PostgreSQL 原始碼解讀(31)- 查詢語句#16(查詢優化-表示式預處理#1)
本節簡單介紹了PG查詢優化對錶達式預處理中連線Var(RTE中的Var,其中RTE_KIND=RTE_JOIN)溯源的過程。處理邏輯在主函式subquery_planner中通過呼叫flatten_join_alias_vars函式實現,該函式位於src/backend/optimizer/util/var.c檔案中。
一、基本概念
連線Var溯源,意思是把連線產生的中間結果(中間結果也是Relation關係的一種)的投影替換為實際存在的關係的列(在PG中通過Var表示)。
如下面的SQL語句:
select a.*,b.grbh,b.je
from t_dwxx a,
lateral (select t1.dwbh,t1.grbh,t2.je
from t_grxx t1 inner join t_jfxx t2
on t1.dwbh = a.dwbh
and t1.grbh = t2.grbh) b;
b與a連線運算,查詢樹Query中的投影b.grbh和b.je這兩列如需依賴關係b(子查詢產生的中間結果),則需要把中間關係的投影列替換為實際的Relation的投影列,即t_grxx和t_jfxx的資料列.
PG原始碼中的註釋:
/*
* If the query has any join RTEs, replace join alias variables with
* base-relation variables. We must do this first, since any expressions
* we may extract from the joinaliasvars lists have not been preprocessed.

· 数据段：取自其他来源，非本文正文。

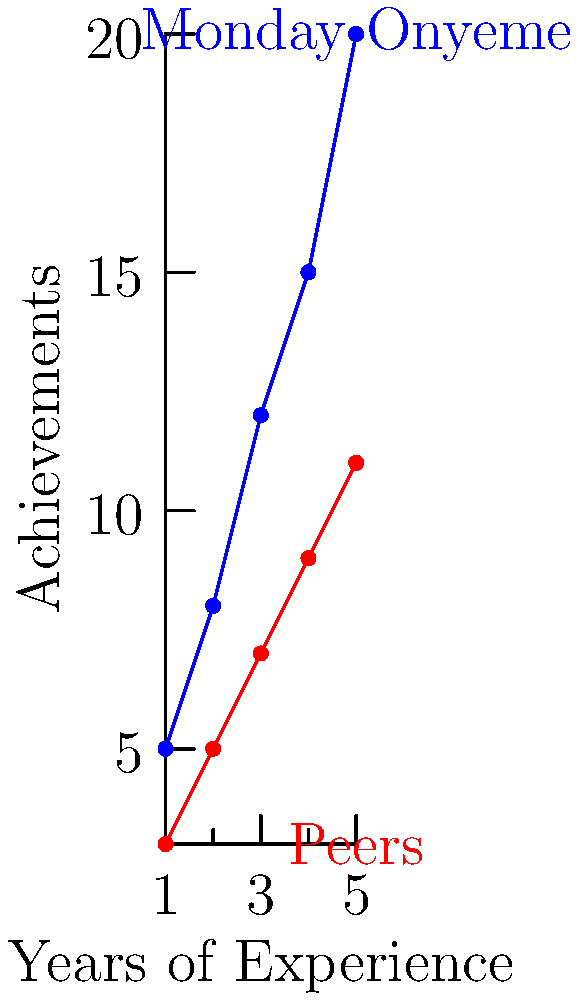Based on the scatter plot comparing Monday Onyeme's achievements with those of his peers over years of experience, what is the difference in achievements between Monday and his peers after 5 years of experience? To find the difference in achievements between Monday Onyeme and his peers after 5 years of experience, we need to:

1. Locate the data points for 5 years of experience on the x-axis.
2. Find the corresponding y-values (achievements) for both Monday Onyeme (blue) and his peers (red).
3. Calculate the difference between these two y-values.

Step 1: At x = 5 (5 years of experience)
Step 2: 
- Monday Onyeme's achievement (blue): y = 20
- Peers' achievement (red): y = 11
Step 3: Difference = Monday's achievement - Peers' achievement
        $$20 - 11 = 9$$

Therefore, the difference in achievements between Monday Onyeme and his peers after 5 years of experience is 9.
Answer: 9 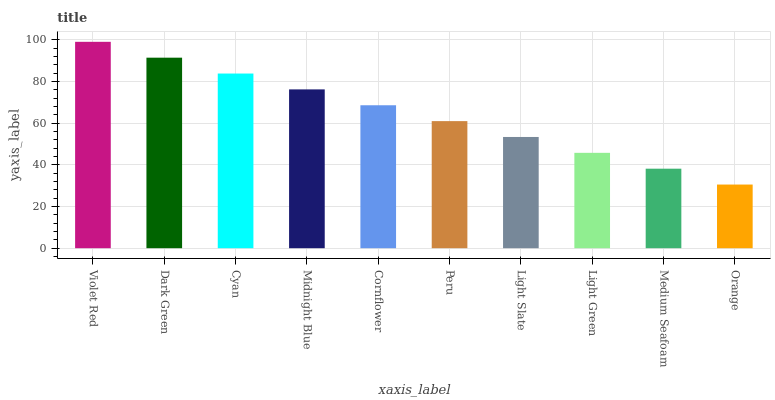Is Orange the minimum?
Answer yes or no. Yes. Is Violet Red the maximum?
Answer yes or no. Yes. Is Dark Green the minimum?
Answer yes or no. No. Is Dark Green the maximum?
Answer yes or no. No. Is Violet Red greater than Dark Green?
Answer yes or no. Yes. Is Dark Green less than Violet Red?
Answer yes or no. Yes. Is Dark Green greater than Violet Red?
Answer yes or no. No. Is Violet Red less than Dark Green?
Answer yes or no. No. Is Cornflower the high median?
Answer yes or no. Yes. Is Peru the low median?
Answer yes or no. Yes. Is Light Green the high median?
Answer yes or no. No. Is Orange the low median?
Answer yes or no. No. 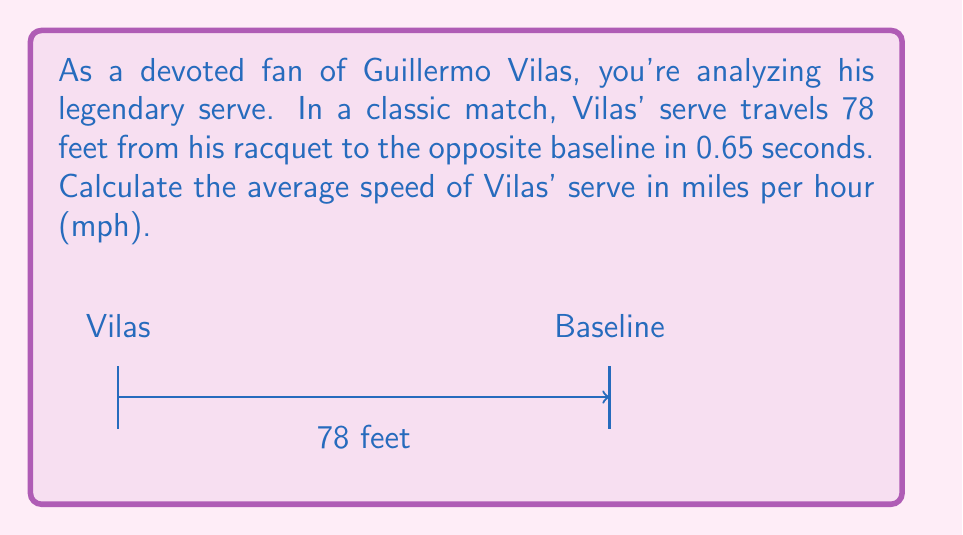Provide a solution to this math problem. To calculate the average speed of Guillermo Vilas' serve, we'll use the formula:

$$ \text{Average Speed} = \frac{\text{Distance}}{\text{Time}} $$

Given:
- Distance = 78 feet
- Time = 0.65 seconds

Step 1: Calculate the speed in feet per second (ft/s).
$$ \text{Speed} = \frac{78 \text{ ft}}{0.65 \text{ s}} = 120 \text{ ft/s} $$

Step 2: Convert feet per second to miles per hour.
There are 5280 feet in a mile and 3600 seconds in an hour.

$$ 120 \frac{\text{ft}}{\text{s}} \times \frac{3600 \text{ s}}{1 \text{ hour}} \times \frac{1 \text{ mile}}{5280 \text{ ft}} = 81.82 \text{ mph} $$

Step 3: Round to the nearest whole number.
$$ 81.82 \text{ mph} \approx 82 \text{ mph} $$

Therefore, the average speed of Guillermo Vilas' serve is approximately 82 mph.
Answer: 82 mph 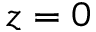<formula> <loc_0><loc_0><loc_500><loc_500>z = 0</formula> 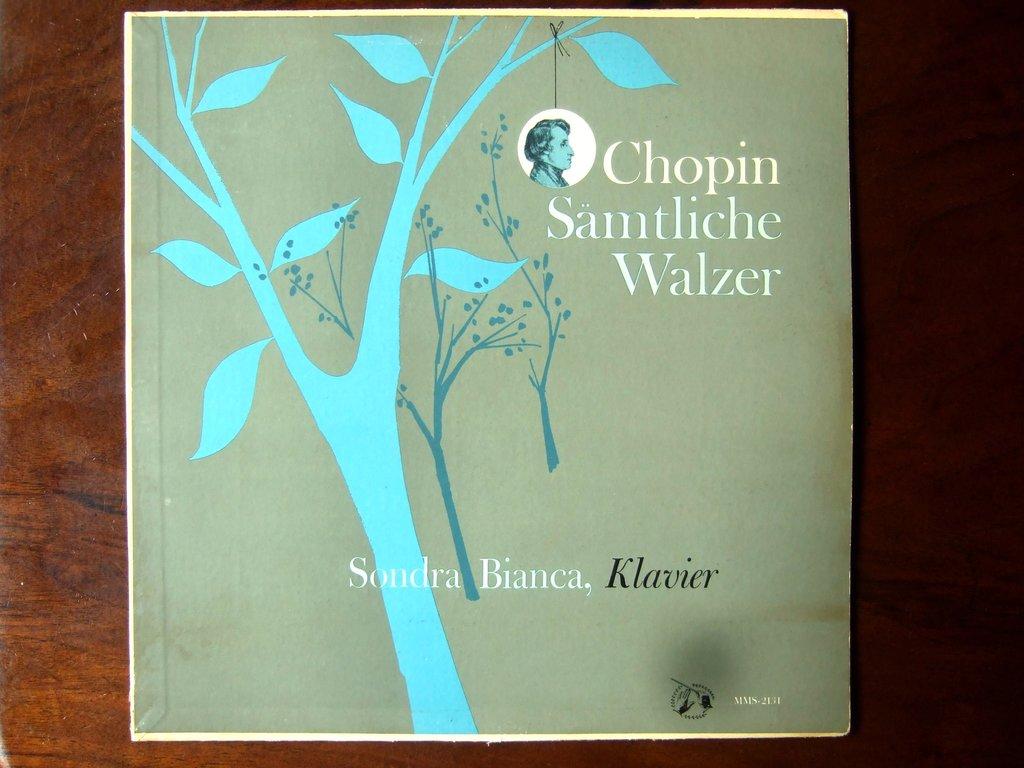What is the title of the book?
Provide a succinct answer. Chopin samtliche walzer. 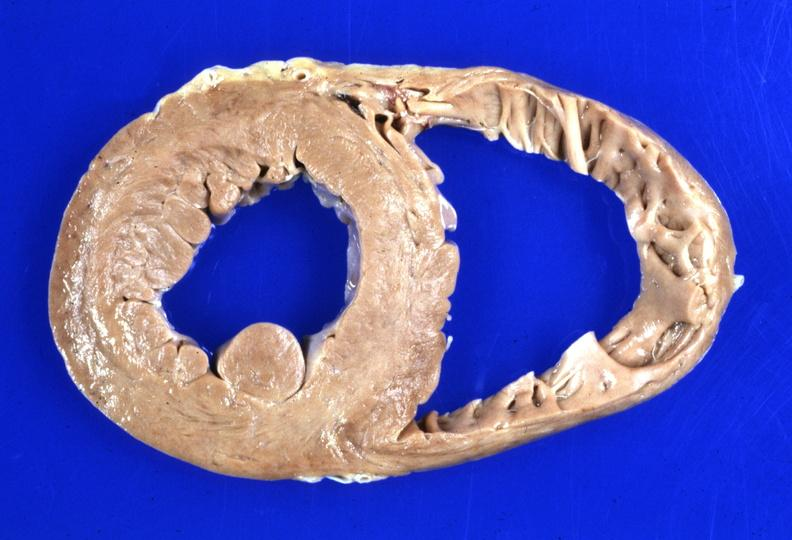does this image show heart dilation?
Answer the question using a single word or phrase. Yes 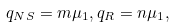Convert formula to latex. <formula><loc_0><loc_0><loc_500><loc_500>q _ { N S } = m \mu _ { 1 } , q _ { R } = n \mu _ { 1 } ,</formula> 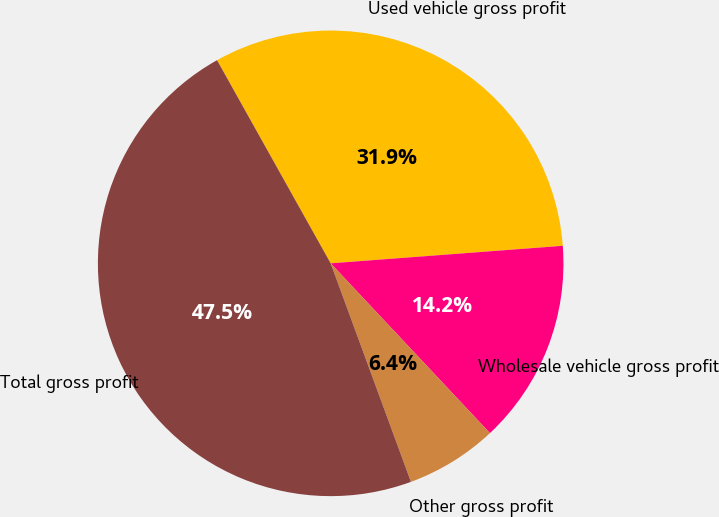Convert chart to OTSL. <chart><loc_0><loc_0><loc_500><loc_500><pie_chart><fcel>Used vehicle gross profit<fcel>Wholesale vehicle gross profit<fcel>Other gross profit<fcel>Total gross profit<nl><fcel>31.92%<fcel>14.21%<fcel>6.39%<fcel>47.49%<nl></chart> 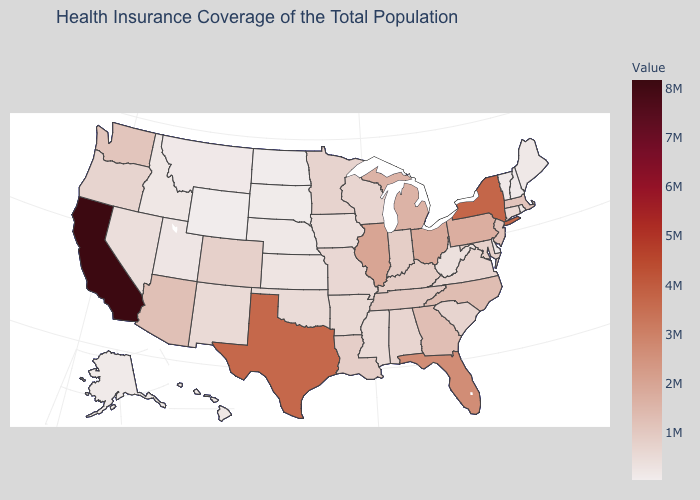Does the map have missing data?
Answer briefly. No. Does Connecticut have a lower value than Pennsylvania?
Write a very short answer. Yes. Which states have the highest value in the USA?
Quick response, please. California. 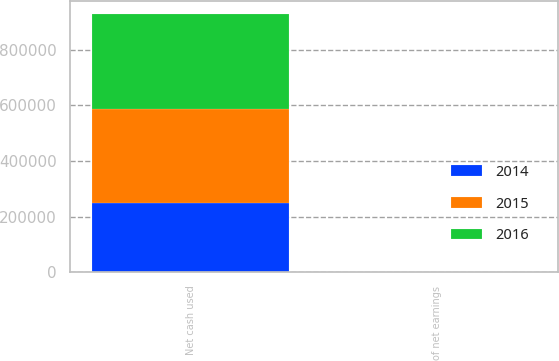Convert chart to OTSL. <chart><loc_0><loc_0><loc_500><loc_500><stacked_bar_chart><ecel><fcel>Net cash used<fcel>of net earnings<nl><fcel>2016<fcel>340872<fcel>68.2<nl><fcel>2015<fcel>337563<fcel>65.4<nl><fcel>2014<fcel>249732<fcel>50.5<nl></chart> 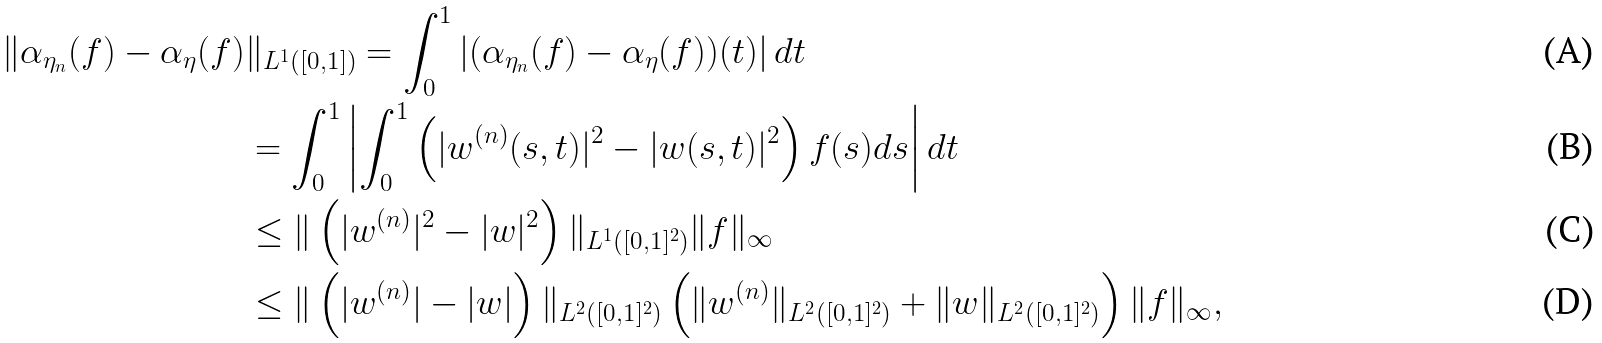Convert formula to latex. <formula><loc_0><loc_0><loc_500><loc_500>\| \alpha _ { \eta _ { n } } ( f ) - \alpha _ { \eta } ( f ) & \| _ { L ^ { 1 } ( [ 0 , 1 ] ) } = \int _ { 0 } ^ { 1 } \left | ( \alpha _ { \eta _ { n } } ( f ) - \alpha _ { \eta } ( f ) ) ( t ) \right | d t \\ & = \int _ { 0 } ^ { 1 } \left | \int _ { 0 } ^ { 1 } \left ( | w ^ { ( n ) } ( s , t ) | ^ { 2 } - | w ( s , t ) | ^ { 2 } \right ) f ( s ) d s \right | d t \\ & \leq \| \left ( | w ^ { ( n ) } | ^ { 2 } - | w | ^ { 2 } \right ) \| _ { L ^ { 1 } ( [ 0 , 1 ] ^ { 2 } ) } \| f \| _ { \infty } \\ & \leq \| \left ( | w ^ { ( n ) } | - | w | \right ) \| _ { L ^ { 2 } ( [ 0 , 1 ] ^ { 2 } ) } \left ( \| w ^ { ( n ) } \| _ { L ^ { 2 } ( [ 0 , 1 ] ^ { 2 } ) } + \| w \| _ { L ^ { 2 } ( [ 0 , 1 ] ^ { 2 } ) } \right ) \| f \| _ { \infty } ,</formula> 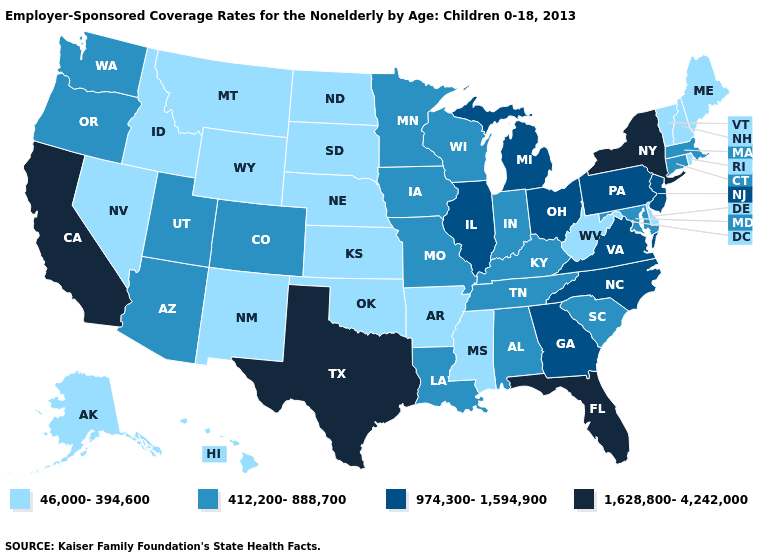What is the lowest value in the MidWest?
Short answer required. 46,000-394,600. What is the highest value in the Northeast ?
Write a very short answer. 1,628,800-4,242,000. What is the value of Indiana?
Short answer required. 412,200-888,700. Name the states that have a value in the range 1,628,800-4,242,000?
Keep it brief. California, Florida, New York, Texas. What is the lowest value in the Northeast?
Keep it brief. 46,000-394,600. Which states hav the highest value in the Northeast?
Write a very short answer. New York. What is the value of New Mexico?
Answer briefly. 46,000-394,600. Which states have the highest value in the USA?
Keep it brief. California, Florida, New York, Texas. Name the states that have a value in the range 974,300-1,594,900?
Short answer required. Georgia, Illinois, Michigan, New Jersey, North Carolina, Ohio, Pennsylvania, Virginia. How many symbols are there in the legend?
Be succinct. 4. Name the states that have a value in the range 412,200-888,700?
Concise answer only. Alabama, Arizona, Colorado, Connecticut, Indiana, Iowa, Kentucky, Louisiana, Maryland, Massachusetts, Minnesota, Missouri, Oregon, South Carolina, Tennessee, Utah, Washington, Wisconsin. Does South Dakota have the same value as Washington?
Short answer required. No. Name the states that have a value in the range 1,628,800-4,242,000?
Be succinct. California, Florida, New York, Texas. Does Minnesota have the highest value in the USA?
Concise answer only. No. Among the states that border South Carolina , which have the lowest value?
Short answer required. Georgia, North Carolina.

* For example, if we did this after sublink processing, sublinks expanded
* out from join aliases would not get processed. But we can skip this in
* non-lateral RTE functions, VALUES lists, and TABLESAMPLE clauses, since
* they can't contain any Vars of the current query level.
*/
if (root->hasJoinRTEs &&
!(kind == EXPRKIND_RTFUNC ||
kind == EXPRKIND_VALUES ||
kind == EXPRKIND_TABLESAMPLE ||
kind == EXPRKIND_TABLEFUNC))
expr = flatten_join_alias_vars(root, expr);
二、原始碼解讀
flatten_join_alias_vars
/*
* flatten_join_alias_vars
* Replace Vars that reference JOIN outputs with references to the original
* relation variables instead. This allows quals involving such vars to be
* pushed down. Whole-row Vars that reference JOIN relations are expanded
* into RowExpr constructs that name the individual output Vars. This
* is necessary since we will not scan the JOIN as a base relation, which
* is the only way that the executor can directly handle whole-row Vars.
*
* This also adjusts relid sets found in some expression node types to
* substitute the contained base rels for any join relid.
*
* If a JOIN contains sub-selects that have been flattened, its join alias
* entries might now be arbitrary expressions, not just Vars. This affects
* this function in one important way: we might find ourselves inserting
* SubLink expressions into subqueries, and we must make sure that their
* Query.hasSubLinks fields get set to true if so. If there are any
* SubLinks in the join alias lists, the outer Query should already have
* hasSubLinks = true, so this is only relevant to un-flattened subqueries.
*
* NOTE: this is used on not-yet-planned expressions. We do not expect it
* to be applied directly to the whole Query, so if we see a Query to start
* with, we do want to increment sublevels_up (this occurs for LATERAL
* subqueries).
*/
Node *
flatten_join_alias_vars(PlannerInfo *root, Node *node)
{
flatten_join_alias_vars_context context;
context.root = root;
context.sublevels_up = 0;
/* flag whether join aliases could possibly contain SubLinks */
context.possible_sublink = root->parse->hasSubLinks;
/* if hasSubLinks is already true, no need to work hard */
context.inserted_sublink = root->parse->hasSubLinks;
//呼叫flatten_join_alias_vars_mutator處理Vars
return flatten_join_alias_vars_mutator(node, &context);
}
static Node *
flatten_join_alias_vars_mutator(Node *node,
flatten_join_alias_vars_context *context)
{
if (node == NULL)
return NULL;
if (IsA(node, Var))//Var型別
{
Var *var = (Var *) node;
RangeTblEntry *rte;
Node *newvar;
/* No change unless Var belongs to a JOIN of the target level */
if (var->varlevelsup != context->sublevels_up)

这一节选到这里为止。